◆ Task to complete: Starting with the line with "1452, 1087, 1474]" in the entries below and going on through the line with "Rendered at 1241 by 1754 pixels.", output every line exactly and nothing more. No pictures.

◆ Input data:
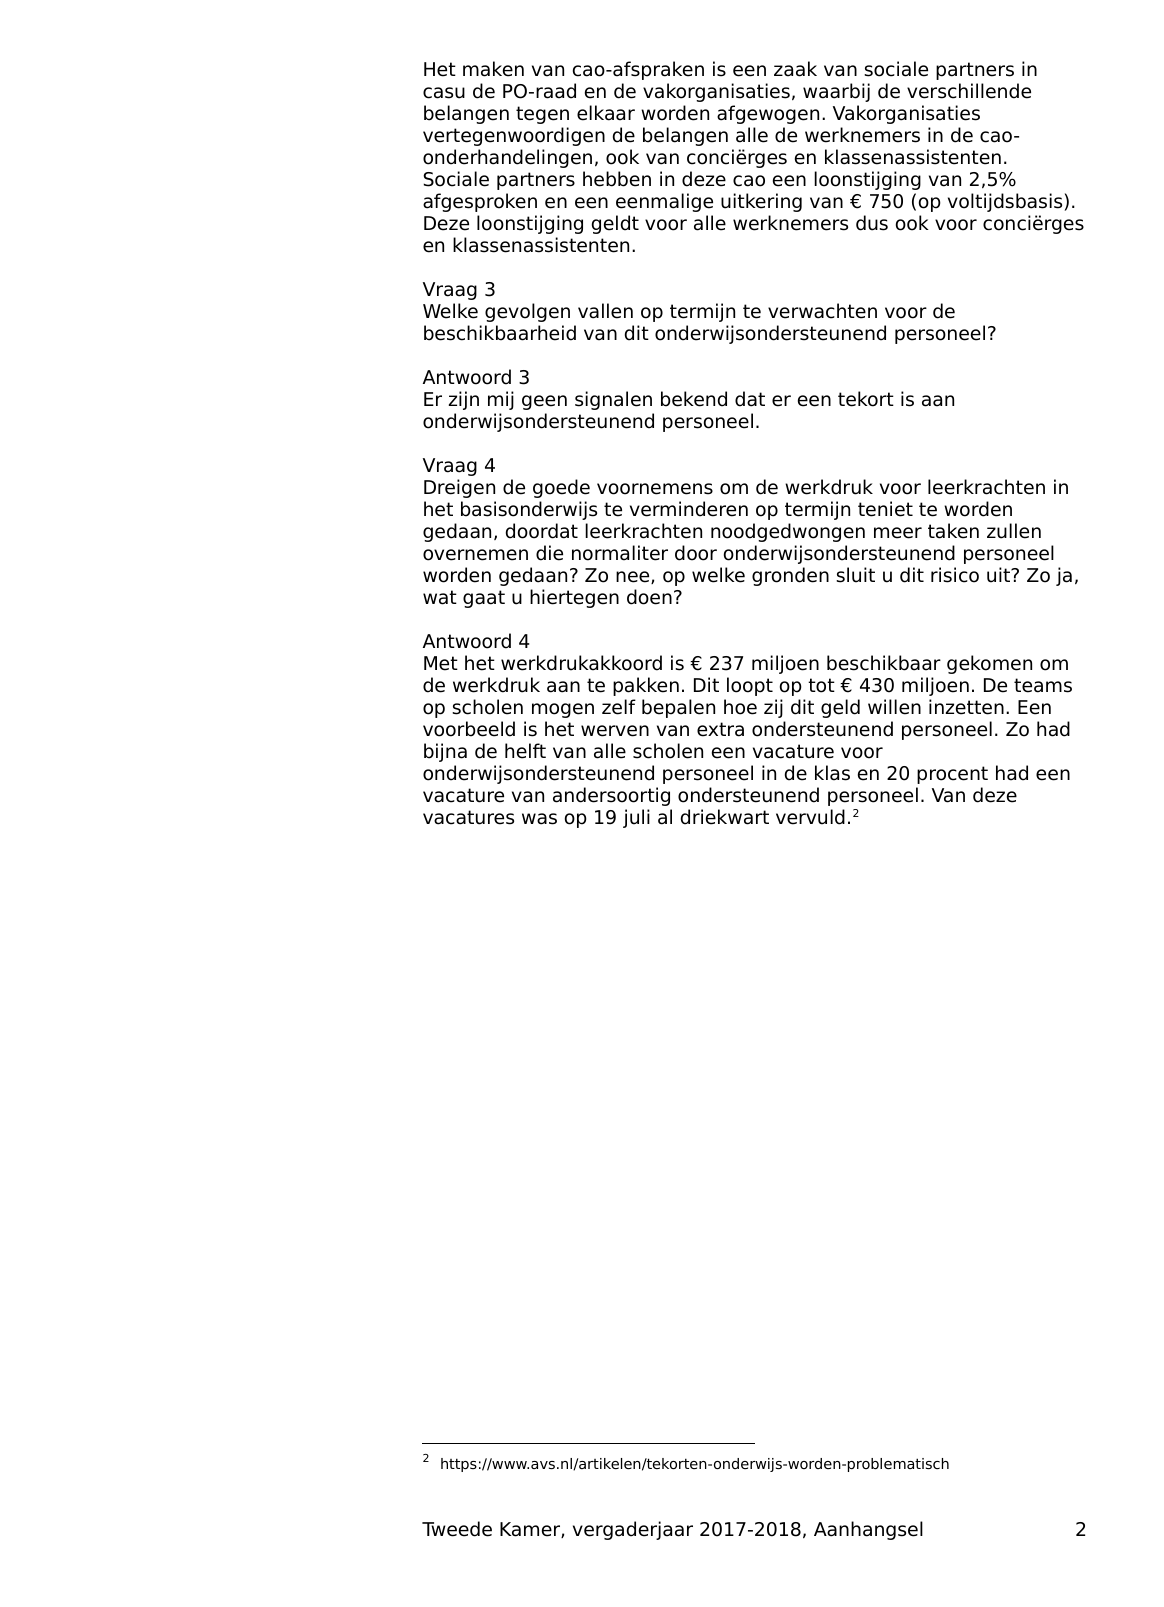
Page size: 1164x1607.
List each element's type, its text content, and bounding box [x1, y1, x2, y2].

text Welke gevolgen vallen op termijn te verwachten voor de beschikbaarheid van dit onderwijsondersteunend personeel? [422, 301, 1087, 345]
text Antwoord 3 [422, 367, 1087, 389]
text Dreigen de goede voornemens om de werkdruk voor leerkrachten in het basisonderwijs te verminderen op termijn teniet te worden gedaan, doordat leerkrachten noodgedwongen meer taken zullen overnemen die normaliter door onderwijsondersteunend personeel worden gedaan? Zo nee, op welke gronden sluit u dit risico uit? Zo ja, wat gaat u hiertegen doen? [422, 477, 1087, 609]
text Vraag 3 [422, 279, 1087, 301]
text Sociale partners hebben in deze cao een loonstijging van 2,5% afgesproken en een eenmalige uitkering van € 750 (op voltijdsbasis). Deze loonstijging geldt voor alle werknemers dus ook voor conciërges en klassenassistenten. [422, 169, 1087, 257]
text Vraag 4 [422, 455, 1087, 477]
text Met het werkdrukakkoord is € 237 miljoen beschikbaar gekomen om de werkdruk aan te pakken. Dit loopt op tot € 430 miljoen. De teams op scholen mogen zelf bepalen hoe zij dit geld willen inzetten. Een voorbeeld is het werven van extra ondersteunend personeel. Zo had bijna de helft van alle scholen een vacature voor onderwijsondersteunend personeel in de klas en 20 procent had een vacature van andersoortig ondersteunend personeel. Van deze vacatures was op 19 juli al driekwart vervuld. [422, 653, 1087, 829]
text Antwoord 4 [422, 631, 1087, 653]
text Het maken van cao-afspraken is een zaak van sociale partners in casu de PO-raad en de vakorganisaties, waarbij de verschillende belangen tegen elkaar worden afgewogen. Vakorganisaties vertegenwoordigen de belangen alle de werknemers in de cao-onderhandelingen, ook van conciërges en klassenassistenten. [422, 59, 1087, 169]
text https://www.avs.nl/artikelen/tekorten-onderwijs-worden-problematisch [422, 1452, 1087, 1474]
text Er zijn mij geen signalen bekend dat er een tekort is aan onderwijsondersteunend personeel. [422, 389, 1087, 433]
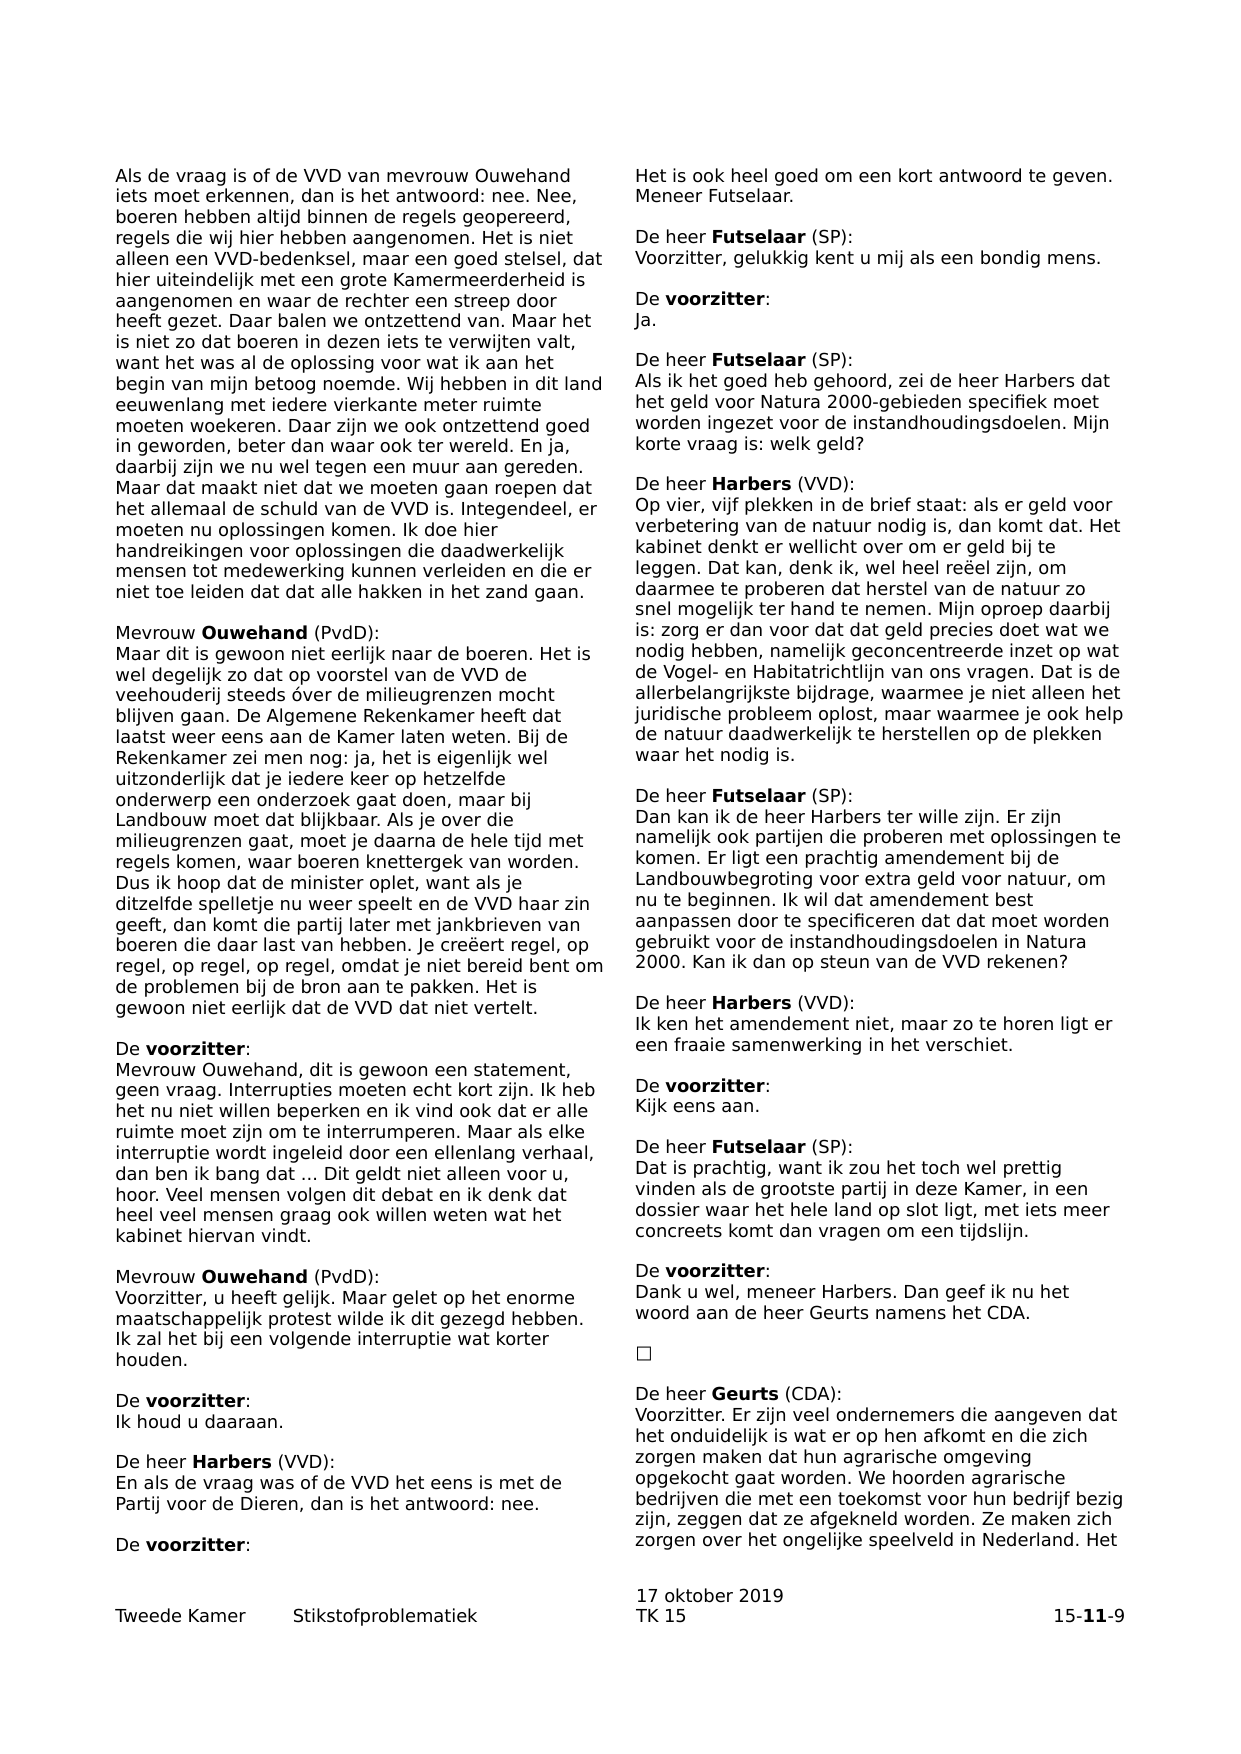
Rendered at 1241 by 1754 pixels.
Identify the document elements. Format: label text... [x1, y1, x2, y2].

text Voorzitter, u heeft gelijk. Maar gelet op het enorme maatschappelijk protest wilde ik dit gezegd hebben. Ik zal het bij een volgende interruptie wat korter houden. [115, 1287, 605, 1371]
text De heer Harbers (VVD): [635, 993, 1125, 1014]
text De voorzitter: [115, 1535, 605, 1556]
text De heer Futselaar (SP): [635, 350, 1125, 371]
text De heer Harbers (VVD): [635, 474, 1125, 495]
text Voorzitter, gelukkig kent u mij als een bondig mens. [635, 248, 1125, 268]
text De voorzitter: [635, 1261, 1125, 1282]
text Kijk eens aan. [635, 1096, 1125, 1117]
text Ik houd u daaraan. [115, 1412, 605, 1432]
text ⬜ [635, 1343, 1125, 1364]
text De voorzitter: [115, 1038, 605, 1059]
text De voorzitter: [635, 1076, 1125, 1096]
text De heer Geurts (CDA): [635, 1384, 1125, 1405]
text Het is ook heel goed om een kort antwoord te geven. Meneer Futselaar. [635, 165, 1125, 207]
text De voorzitter: [115, 1391, 605, 1412]
text De heer Harbers (VVD): [115, 1452, 605, 1473]
text De voorzitter: [635, 288, 1125, 309]
text Mevrouw Ouwehand (PvdD): [115, 1267, 605, 1287]
text Dan kan ik de heer Harbers ter wille zijn. Er zijn namelijk ook partijen die proberen met oplossingen te komen. Er ligt een prachtig amendement bij de Landbouwbegroting voor extra geld voor natuur, om nu te beginnen. Ik wil dat amendement best aanpassen door te specificeren dat dat moet worden gebruikt voor de instandhoudingsdoelen in Natura 2000. Kan ik dan op steun van de VVD rekenen? [635, 806, 1125, 973]
text Dat is prachtig, want ik zou het toch wel prettig vinden als de grootste partij in deze Kamer, in een dossier waar het hele land op slot ligt, met iets meer concreets komt dan vragen om een tijdslijn. [635, 1158, 1125, 1241]
text Dank u wel, meneer Harbers. Dan geef ik nu het woord aan de heer Geurts namens het CDA. [635, 1282, 1125, 1323]
text Als de vraag is of de VVD van mevrouw Ouwehand iets moet erkennen, dan is het antwoord: nee. Nee, boeren hebben altijd binnen de regels geopereerd, regels die wij hier hebben aangenomen. Het is niet alleen een VVD-bedenksel, maar een goed stelsel, dat hier uiteindelijk met een grote Kamermeerderheid is aangenomen en waar de rechter een streep door heeft gezet. Daar balen we ontzettend van. Maar het is niet zo dat boeren in dezen iets te verwijten valt, want het was al de oplossing voor wat ik aan het begin van mijn betoog noemde. Wij hebben in dit land eeuwenlang met iedere vierkante meter ruimte moeten woekeren. Daar zijn we ook ontzettend goed in geworden, beter dan waar ook ter wereld. En ja, daarbij zijn we nu wel tegen een muur aan gereden. Maar dat maakt niet dat we moeten gaan roepen dat het allemaal de schuld van de VVD is. Integendeel, er moeten nu oplossingen komen. Ik doe hier handreikingen voor oplossingen die daadwerkelijk mensen tot medewerking kunnen verleiden en die er niet toe leiden dat dat alle hakken in het zand gaan. [115, 165, 605, 603]
text Voorzitter. Er zijn veel ondernemers die aangeven dat het onduidelijk is wat er op hen afkomt en die zich zorgen maken dat hun agrarische omgeving opgekocht gaat worden. We hoorden agrarische bedrijven die met een toekomst voor hun bedrijf bezig zijn, zeggen dat ze afgekneld worden. Ze maken zich zorgen over het ongelijke speelveld in Nederland. Het [635, 1405, 1125, 1551]
text Op vier, vijf plekken in de brief staat: als er geld voor verbetering van de natuur nodig is, dan komt dat. Het kabinet denkt er wellicht over om er geld bij te leggen. Dat kan, denk ik, wel heel reëel zijn, om daarmee te proberen dat herstel van de natuur zo snel mogelijk ter hand te nemen. Mijn oproep daarbij is: zorg er dan voor dat dat geld precies doet wat we nodig hebben, namelijk geconcentreerde inzet op wat de Vogel- en Habitatrichtlijn van ons vragen. Dat is de allerbelangrijkste bijdrage, waarmee je niet alleen het juridische probleem oplost, maar waarmee je ook help de natuur daadwerkelijk te herstellen op de plekken waar het nodig is. [635, 495, 1125, 766]
text Mevrouw Ouwehand, dit is gewoon een statement, geen vraag. Interrupties moeten echt kort zijn. Ik heb het nu niet willen beperken en ik vind ook dat er alle ruimte moet zijn om te interrumperen. Maar als elke interruptie wordt ingeleid door een ellenlang verhaal, dan ben ik bang dat ... Dit geldt niet alleen voor u, hoor. Veel mensen volgen dit debat en ik denk dat heel veel mensen graag ook willen weten wat het kabinet hiervan vindt. [115, 1059, 605, 1247]
text De heer Futselaar (SP): [635, 227, 1125, 248]
text De heer Futselaar (SP): [635, 786, 1125, 806]
text De heer Futselaar (SP): [635, 1137, 1125, 1158]
text En als de vraag was of de VVD het eens is met de Partij voor de Dieren, dan is het antwoord: nee. [115, 1473, 605, 1515]
text Maar dit is gewoon niet eerlijk naar de boeren. Het is wel degelijk zo dat op voorstel van de VVD de veehouderij steeds óver de milieugrenzen mocht blijven gaan. De Algemene Rekenkamer heeft dat laatst weer eens aan de Kamer laten weten. Bij de Rekenkamer zei men nog: ja, het is eigenlijk wel uitzonderlijk dat je iedere keer op hetzelfde onderwerp een onderzoek gaat doen, maar bij Landbouw moet dat blijkbaar. Als je over die milieugrenzen gaat, moet je daarna de hele tijd met regels komen, waar boeren knettergek van worden. Dus ik hoop dat de minister oplet, want als je ditzelfde spelletje nu weer speelt en de VVD haar zin geeft, dan komt die partij later met jankbrieven van boeren die daar last van hebben. Je creëert regel, op regel, op regel, op regel, omdat je niet bereid bent om de problemen bij de bron aan te pakken. Het is gewoon niet eerlijk dat de VVD dat niet vertelt. [115, 643, 605, 1018]
text Ja. [635, 309, 1125, 330]
text Mevrouw Ouwehand (PvdD): [115, 623, 605, 643]
text Als ik het goed heb gehoord, zei de heer Harbers dat het geld voor Natura 2000-gebieden specifiek moet worden ingezet voor de instandhoudingsdoelen. Mijn korte vraag is: welk geld? [635, 371, 1125, 454]
text Ik ken het amendement niet, maar zo te horen ligt er een fraaie samenwerking in het verschiet. [635, 1014, 1125, 1056]

◆ Output:
text https://www.avs.nl/artikelen/tekorten-onderwijs-worden-problematisch [422, 1452, 1087, 1474]
text Er zijn mij geen signalen bekend dat er een tekort is aan onderwijsondersteunend personeel. [422, 389, 1087, 433]
Rendered at 1241 by 1754 pixels.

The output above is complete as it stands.